(WHAT YOU NEED TO DO): Read the lines below and count those that have the word "listed". Respond with the number only.

::: EXERCISE MATERIALS

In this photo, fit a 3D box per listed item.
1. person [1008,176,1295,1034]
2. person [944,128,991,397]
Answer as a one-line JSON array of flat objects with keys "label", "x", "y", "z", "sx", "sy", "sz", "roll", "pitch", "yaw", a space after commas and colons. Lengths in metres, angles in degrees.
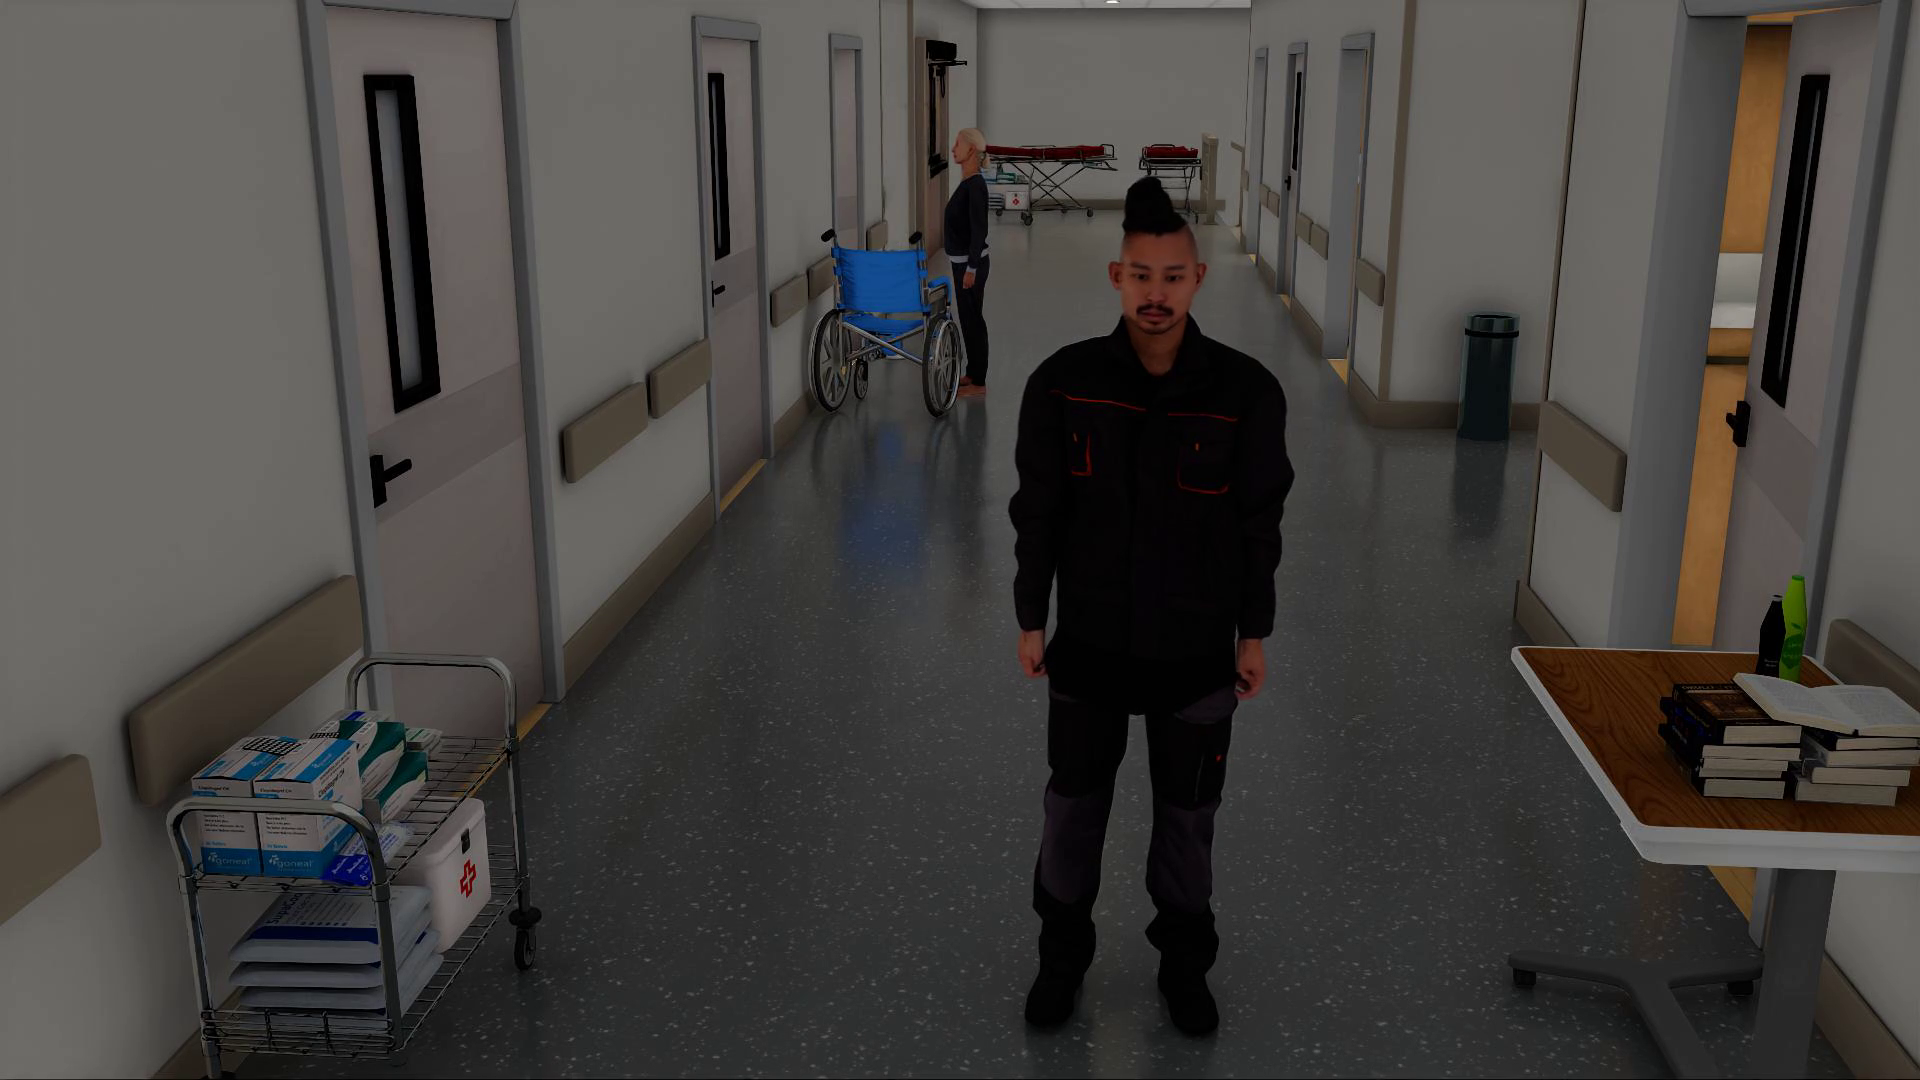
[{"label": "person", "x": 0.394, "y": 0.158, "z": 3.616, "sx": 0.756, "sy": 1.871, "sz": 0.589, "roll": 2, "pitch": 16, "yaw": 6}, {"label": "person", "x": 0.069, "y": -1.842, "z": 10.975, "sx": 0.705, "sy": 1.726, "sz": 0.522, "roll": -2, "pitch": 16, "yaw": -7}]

::::::
::: EXERCISE MATERIALS

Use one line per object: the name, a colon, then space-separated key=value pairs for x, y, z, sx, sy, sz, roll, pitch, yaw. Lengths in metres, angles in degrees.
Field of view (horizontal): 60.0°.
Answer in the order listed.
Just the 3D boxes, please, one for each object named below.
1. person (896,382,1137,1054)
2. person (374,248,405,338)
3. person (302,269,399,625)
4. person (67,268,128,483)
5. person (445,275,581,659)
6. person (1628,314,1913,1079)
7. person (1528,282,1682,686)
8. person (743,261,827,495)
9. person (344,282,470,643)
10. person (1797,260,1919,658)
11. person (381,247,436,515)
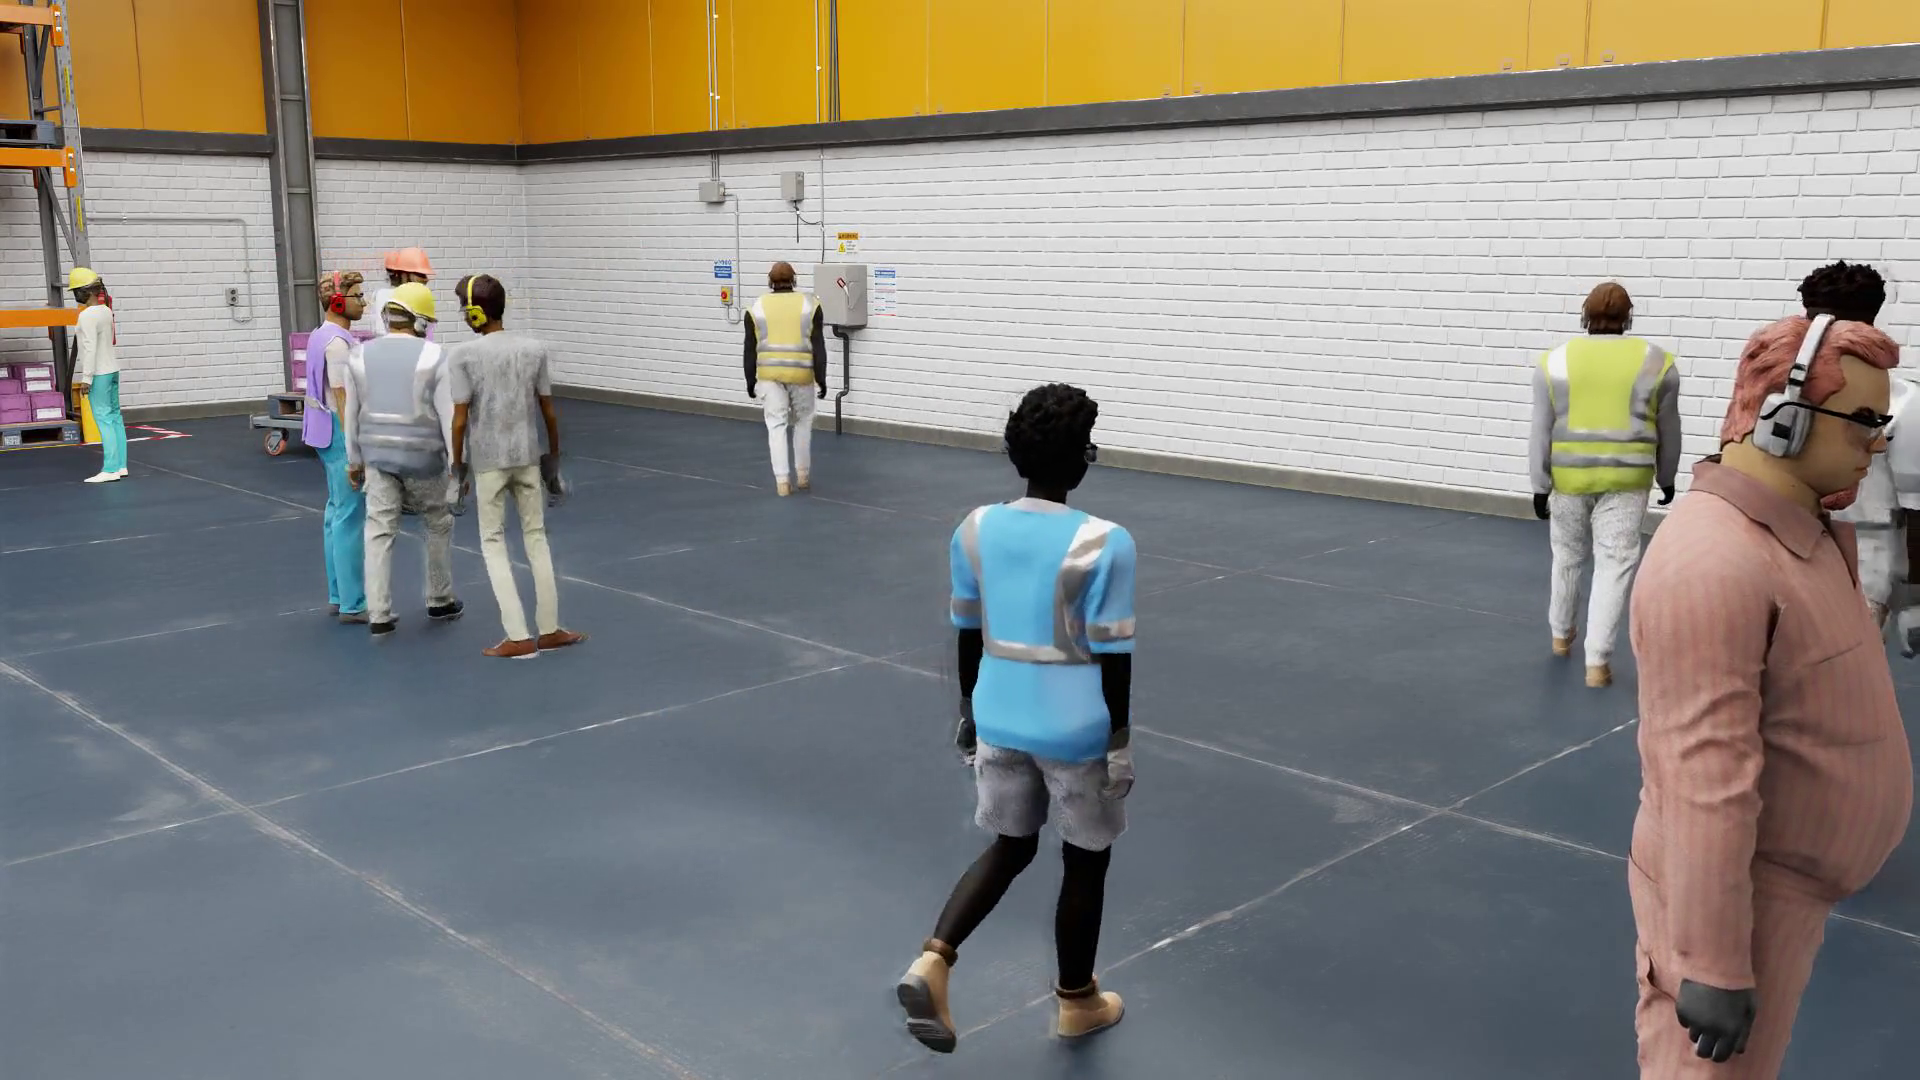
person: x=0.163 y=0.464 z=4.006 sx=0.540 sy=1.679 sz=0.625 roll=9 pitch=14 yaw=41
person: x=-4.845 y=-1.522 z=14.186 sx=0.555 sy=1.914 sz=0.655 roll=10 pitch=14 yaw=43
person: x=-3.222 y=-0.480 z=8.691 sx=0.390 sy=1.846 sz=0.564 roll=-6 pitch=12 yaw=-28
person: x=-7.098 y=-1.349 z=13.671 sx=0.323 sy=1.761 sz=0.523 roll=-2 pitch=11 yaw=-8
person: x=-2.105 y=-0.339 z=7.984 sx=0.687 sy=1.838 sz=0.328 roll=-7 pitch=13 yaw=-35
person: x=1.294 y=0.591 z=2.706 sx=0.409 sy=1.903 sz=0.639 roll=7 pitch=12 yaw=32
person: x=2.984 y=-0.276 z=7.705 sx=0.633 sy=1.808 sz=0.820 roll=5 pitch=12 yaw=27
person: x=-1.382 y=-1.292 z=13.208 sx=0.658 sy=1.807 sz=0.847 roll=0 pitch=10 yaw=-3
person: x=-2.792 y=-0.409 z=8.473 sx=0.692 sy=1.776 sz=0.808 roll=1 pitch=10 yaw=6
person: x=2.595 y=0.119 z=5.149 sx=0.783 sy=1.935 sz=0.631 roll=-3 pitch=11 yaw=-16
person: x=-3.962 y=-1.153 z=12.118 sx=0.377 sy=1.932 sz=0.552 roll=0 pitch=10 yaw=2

::::::

(SOLUTION TO THE PROBLEM): 2